A  concreta  e  específica  fundamentação  das  razões  justificativas  de  todas  as  opções que  o  tribunal  efectuou  no  âmbito  do  processo  de  decisão,  mesmo  que  de  uma  forma concisa,  tem  que  constar  expressamente  na  fundamentação.  Uma  decisão parcialmente  fundamentada  tem  de  ser  entendida  como  não  fundamentada,  na  certeza de  que  não  existe  meia  fundamentação,  conforme  explanou  o  Aresto  do  TC  de 17/04/97.

25ª

Inelutavelmente,  o  acórdão  padece  de  Nulidade  prevista  no  artigo  379°,  n.º  1,  alínea  a) do  CPP,  que  para  os  devidos  efeitos  aqui,  expressamente,  se  invoca.

26ª

A  falta  de  fundamentação,  consubstancia,  igualmente,  uma  violação  clara  da  Lei Fundamental,  por  equimose  dos  artigos  20°,  32°,  n.º 1,  e  205°  todos  da  CRP, prefigurando  a  interpretação  do  artigo  374°  do  CPP  no  sentido  de  não  incluir-se  na estrutura  da  fundamentação  da  sentença  toda  a  dimensão  contraditória  da  hipótese apresentada  pela  Defesa  e  valoração  crítica  de  todos  os  meios  de  prova  não  atendidos na  decisão,  bem  como,  a  falta  de  narração  crítica  dos  factos  não  provados,  claramente inconstitucional  por  violação  dos  preditos  normativos,  imanentes  dos  princípios  da garantia  da  tutela  jurisdicional  efectiva,  desenvolvido  nas  garantias  de  defesa,  onde  se inclui  o  direito  ao  recurso  nas  garantias  do  processo  criminal.

27ª

A  pena  aplicada  de  prisão  efectiva  por 4  anos  e  9  meses,  ofende  os  mais  elementares princípios  da  razoabilidade,  proporcionalidade,  cotejados  com  a  culpa  imputada  ao arguido  (declarada  diminuta  no  acórdão  condenatório)  e  as  necessidades  e  fins  das penas.

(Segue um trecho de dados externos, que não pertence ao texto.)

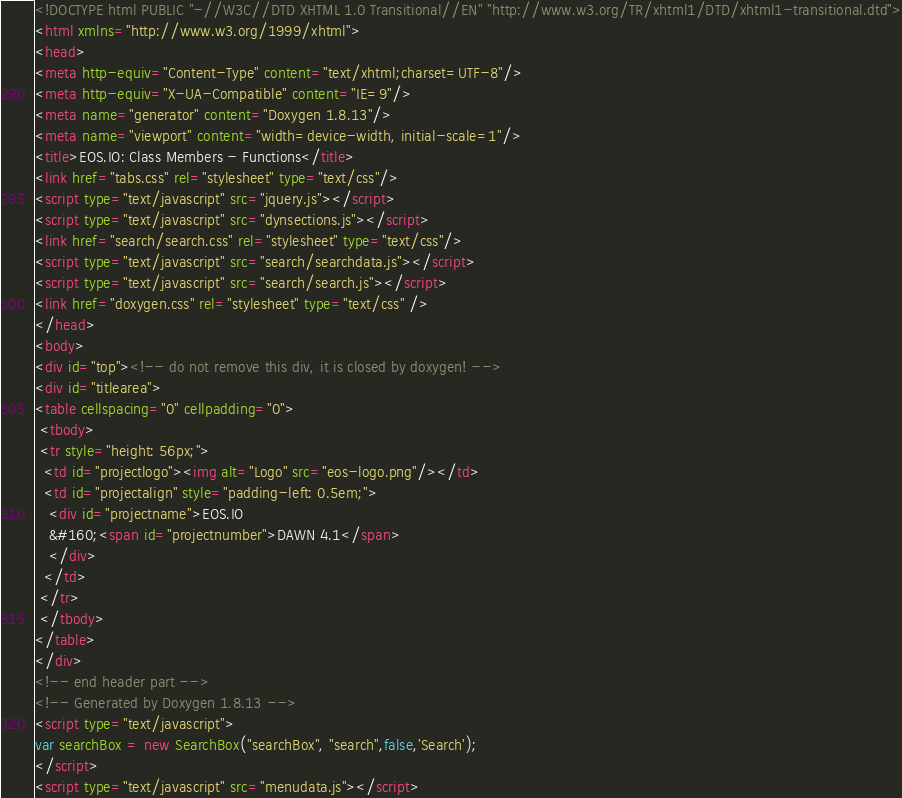Convert code to text. <code><loc_0><loc_0><loc_500><loc_500><_HTML_><!DOCTYPE html PUBLIC "-//W3C//DTD XHTML 1.0 Transitional//EN" "http://www.w3.org/TR/xhtml1/DTD/xhtml1-transitional.dtd">
<html xmlns="http://www.w3.org/1999/xhtml">
<head>
<meta http-equiv="Content-Type" content="text/xhtml;charset=UTF-8"/>
<meta http-equiv="X-UA-Compatible" content="IE=9"/>
<meta name="generator" content="Doxygen 1.8.13"/>
<meta name="viewport" content="width=device-width, initial-scale=1"/>
<title>EOS.IO: Class Members - Functions</title>
<link href="tabs.css" rel="stylesheet" type="text/css"/>
<script type="text/javascript" src="jquery.js"></script>
<script type="text/javascript" src="dynsections.js"></script>
<link href="search/search.css" rel="stylesheet" type="text/css"/>
<script type="text/javascript" src="search/searchdata.js"></script>
<script type="text/javascript" src="search/search.js"></script>
<link href="doxygen.css" rel="stylesheet" type="text/css" />
</head>
<body>
<div id="top"><!-- do not remove this div, it is closed by doxygen! -->
<div id="titlearea">
<table cellspacing="0" cellpadding="0">
 <tbody>
 <tr style="height: 56px;">
  <td id="projectlogo"><img alt="Logo" src="eos-logo.png"/></td>
  <td id="projectalign" style="padding-left: 0.5em;">
   <div id="projectname">EOS.IO
   &#160;<span id="projectnumber">DAWN 4.1</span>
   </div>
  </td>
 </tr>
 </tbody>
</table>
</div>
<!-- end header part -->
<!-- Generated by Doxygen 1.8.13 -->
<script type="text/javascript">
var searchBox = new SearchBox("searchBox", "search",false,'Search');
</script>
<script type="text/javascript" src="menudata.js"></script></code> 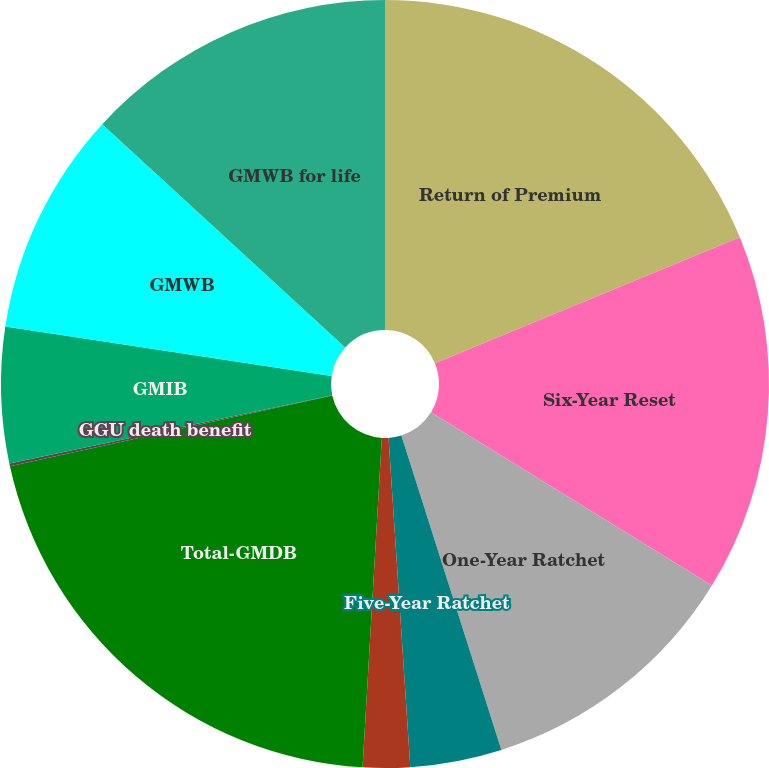Convert chart. <chart><loc_0><loc_0><loc_500><loc_500><pie_chart><fcel>Return of Premium<fcel>Six-Year Reset<fcel>One-Year Ratchet<fcel>Five-Year Ratchet<fcel>Other<fcel>Total-GMDB<fcel>GGU death benefit<fcel>GMIB<fcel>GMWB<fcel>GMWB for life<nl><fcel>18.76%<fcel>15.03%<fcel>11.31%<fcel>3.85%<fcel>1.98%<fcel>20.63%<fcel>0.12%<fcel>5.71%<fcel>9.44%<fcel>13.17%<nl></chart> 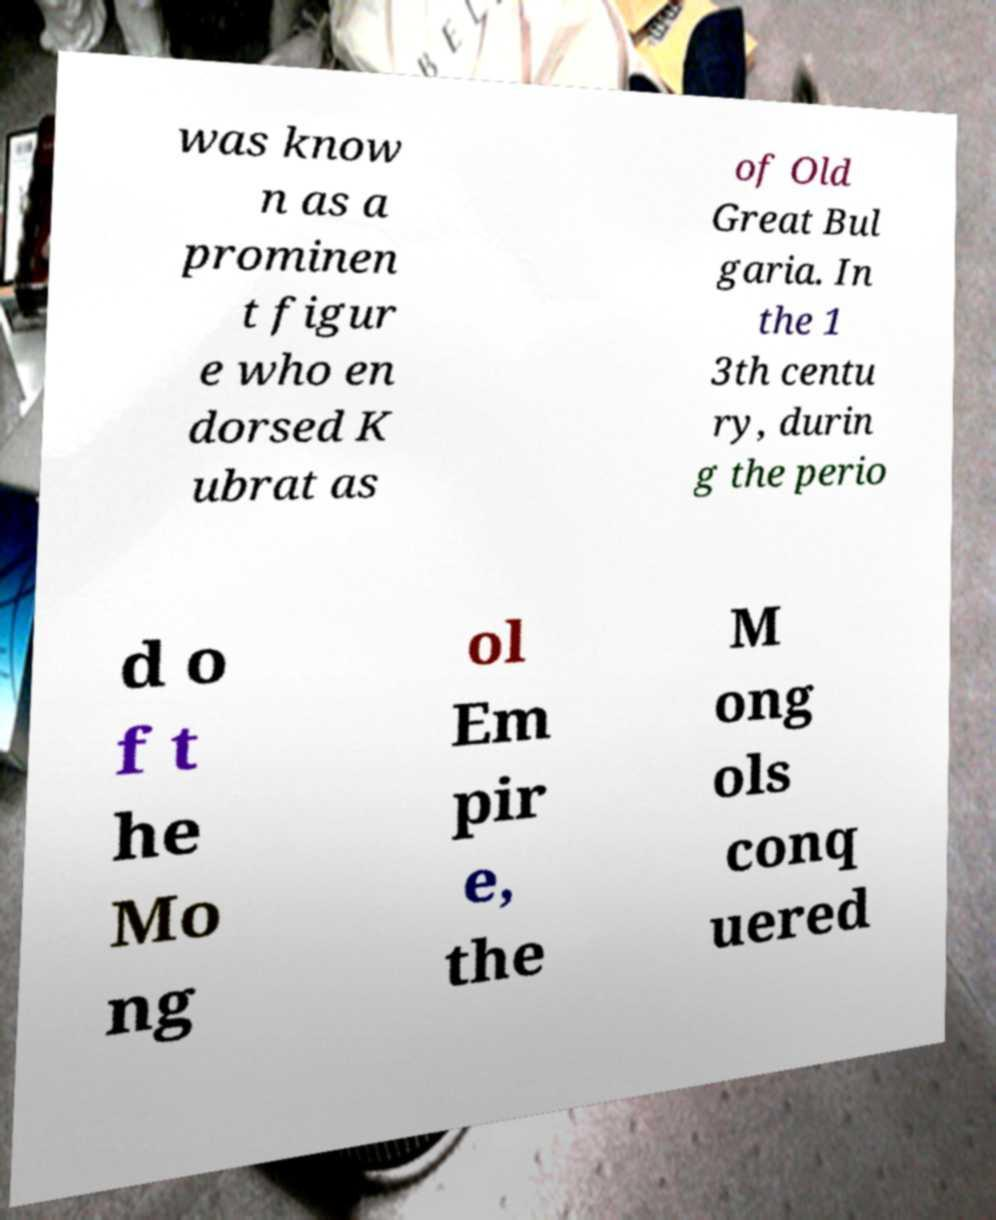Please identify and transcribe the text found in this image. was know n as a prominen t figur e who en dorsed K ubrat as of Old Great Bul garia. In the 1 3th centu ry, durin g the perio d o f t he Mo ng ol Em pir e, the M ong ols conq uered 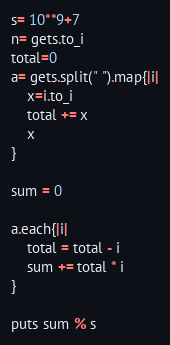<code> <loc_0><loc_0><loc_500><loc_500><_Ruby_>s= 10**9+7
n= gets.to_i
total=0
a= gets.split(" ").map{|i|
    x=i.to_i
    total += x
    x
}

sum = 0

a.each{|i|
    total = total - i
    sum += total * i
}

puts sum % s
</code> 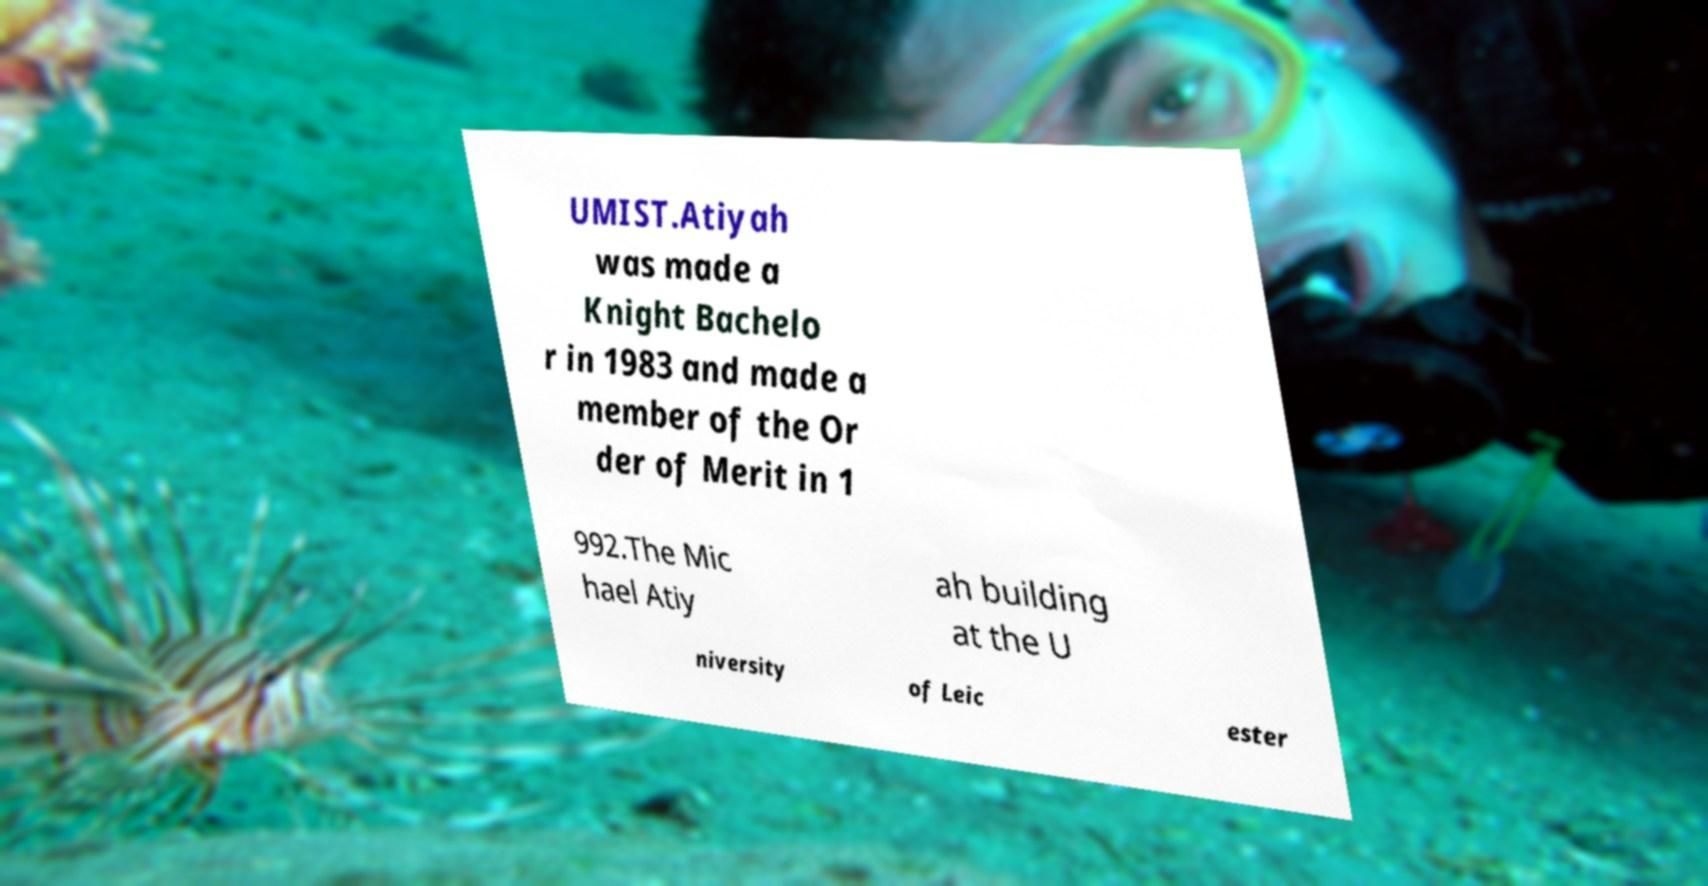Can you read and provide the text displayed in the image?This photo seems to have some interesting text. Can you extract and type it out for me? UMIST.Atiyah was made a Knight Bachelo r in 1983 and made a member of the Or der of Merit in 1 992.The Mic hael Atiy ah building at the U niversity of Leic ester 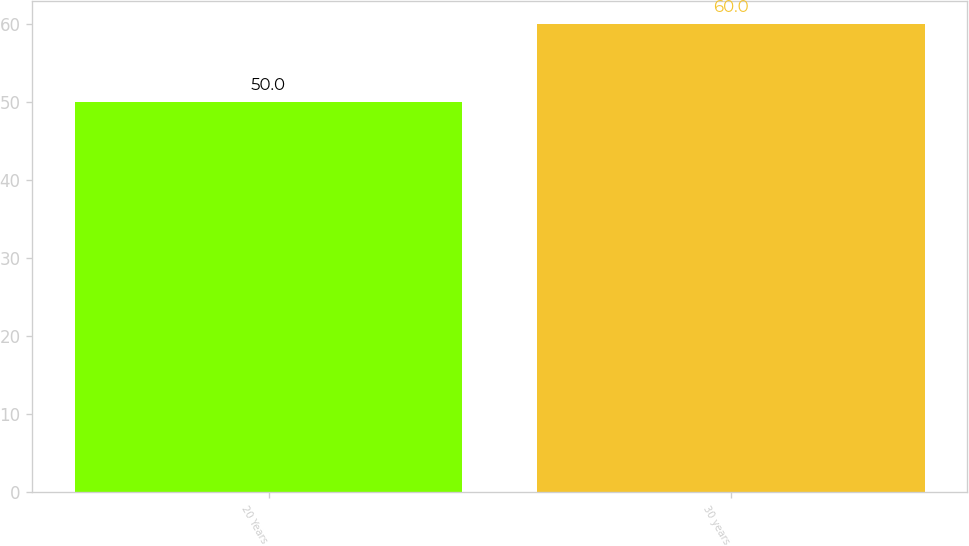Convert chart to OTSL. <chart><loc_0><loc_0><loc_500><loc_500><bar_chart><fcel>20 Years<fcel>30 years<nl><fcel>50<fcel>60<nl></chart>

Por  ser,  manifestamente,  exagerada,  a  pena  concretamente  aplicada  viola  em  si mesmo  o  princípio  da  culpa  e  não  satisfaz  o  sentimento  de  Justiça.

28ª

O  Tribunal  "a  quo"  decidiu  por  uma  pena  privativa  da  liberdade,  sem  no  entanto, apresentar  fundamentação  sólida,  consistente,  adequada  e  razoável  para  dar cumprimento  ao  desiderato  plasmado  no  artigo  70°  do  CP.

29ª

Jamais se  poderá  sustentar,  in  casu,  a  aplicação  da  pena  de  prisão,  em  detrimento  de pena  não  privativa  da  liberdade,  invocando  necessidades  de  prevenção  geral  e  de reprovação  para  cercear  a  liberdade  do  arguido.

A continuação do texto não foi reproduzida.